Biology Direct (Sep 2010)

Relating underrepresented genomic DNA patterns and tiRNAs: the rule behind the observation and beyond

  • Varnai Peter,
  • Turu Gabor,
  • Cserzo Miklos,
  • Hunyady Laszlo

DOI
https://doi.org/10.1186/1745-6150-5-56
Journal volume & issue
Vol. 5, no. 1
p. 56

Abstract

Read online

Abstract Background One of the central problems of post-genomic biology is the understanding of regulatory network of genes. Traditionally the problem is approached from the protein-DNA interaction perspective. In recent years various types of noncoding RNAs appeared on the scene as new potent players of the game. The exact role of these molecules in gene expression control is mostly unknown at present, while their importance is generally recognized. Results The Human and Mouse genomes have been screened with a statistical model for sequence patterns underrepresented in these genomes, and a subset of motifs, named spanions, has been identified. The common portion of the motif lists of the two species is 75% indicating evolutionary conservation of this feature. These motifs are arranged in clusters at close proximity of distinct genetic landmarks: 5' ends of genes, exon side of the exon/intron junctions and 5' ends of 3' UTRs. The length of the clusters is typically in the 20 to 25 bases range. The findings are in agreement with the known C/G bias of promoter regions while access much more sequential information than the simple composition based model. In the Human genome the recently reported transcription initiation RNAs (tiRNAs) are typically transcribed from these spanion clusters according to the presented results. The spanion clusters account for 70% of the published tiRNAs.
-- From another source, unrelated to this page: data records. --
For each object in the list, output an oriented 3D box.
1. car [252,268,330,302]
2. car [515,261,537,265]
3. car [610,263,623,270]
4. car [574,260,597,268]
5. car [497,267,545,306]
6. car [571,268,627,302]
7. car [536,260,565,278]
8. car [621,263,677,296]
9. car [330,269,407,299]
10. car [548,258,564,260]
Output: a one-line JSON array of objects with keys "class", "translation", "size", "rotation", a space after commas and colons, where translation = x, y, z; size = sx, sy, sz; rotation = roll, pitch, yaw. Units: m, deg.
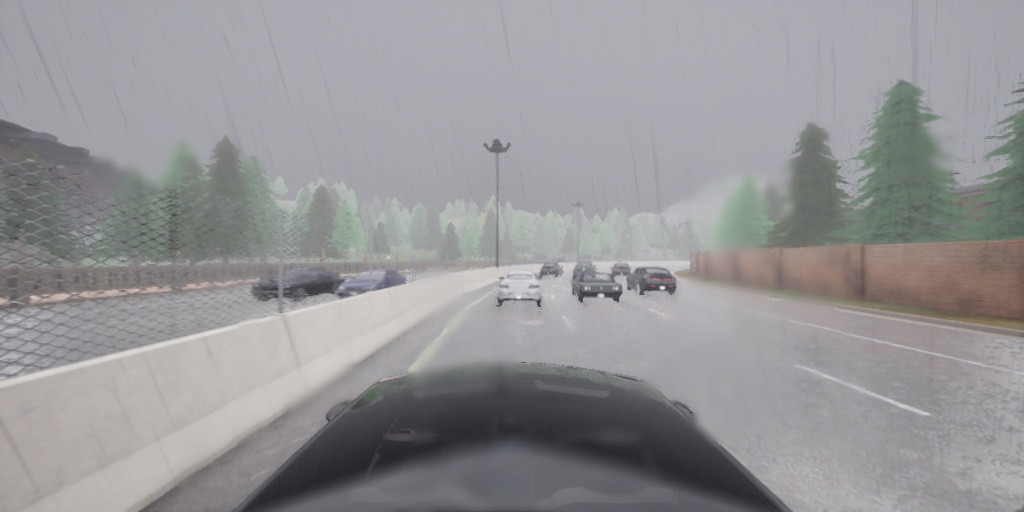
[{"class": "car", "translation": [-10.283, 1.436, 17.735], "size": [1.895, 1.301, 4.718], "rotation": [0, 0, 4]}, {"class": "car", "translation": [3.022, 1.573, 62.270], "size": [2.128, 1.511, 4.902], "rotation": [0, 0, 29]}, {"class": "car", "translation": [11.084, 1.445, 36.307], "size": [1.837, 1.490, 4.892], "rotation": [0, 0, 17]}, {"class": "car", "translation": [7.475, 1.292, 36.376], "size": [2.097, 1.767, 4.553], "rotation": [0, 0, 16]}, {"class": "car", "translation": [0.401, 1.355, 16.227], "size": [1.812, 1.442, 4.674], "rotation": [0, 0, 3]}, {"class": "car", "translation": [4.011, 1.439, 17.701], "size": [1.895, 1.301, 4.718], "rotation": [0, 0, 4]}, {"class": "car", "translation": [4.254, 1.453, 37.867], "size": [1.837, 1.490, 4.892], "rotation": [0, 0, 16]}, {"class": "car", "translation": [7.778, 1.358, 20.372], "size": [1.837, 1.490, 4.892], "rotation": [0, 0, 6]}, {"class": "car", "translation": [-6.709, 1.362, 17.777], "size": [1.812, 1.442, 4.674], "rotation": [0, 0, 4]}, {"class": "car", "translation": [7.498, 1.307, 63.120], "size": [2.150, 2.045, 5.566], "rotation": [0, 0, 31]}]

Apparently, the model access the common statistical feature of this new and mostly uncharacterized non-coding RNA class and, in this way, supports the experimental observations with theoretical background. Conclusions The presented results seem to support the emerging model of the RNA-driven eukaryotic gene expression control. Beyond that, the model detects spanion clusters at genetic positions where no tiRNA counterpart was considered and reported. The GO-term analysis of genes with high concentration of spanion clusters in their promoter proximal region indicates involvement in gene regulatory processes. The results of the analysis suggest that the gene regulatory potential of the small non-coding RNAs is grossly underestimated at present. Reviewers This article was reviewed by Frank Eisenhaber, Sandor Pongor and Rotem Sorek (nominated by Doron Lancet).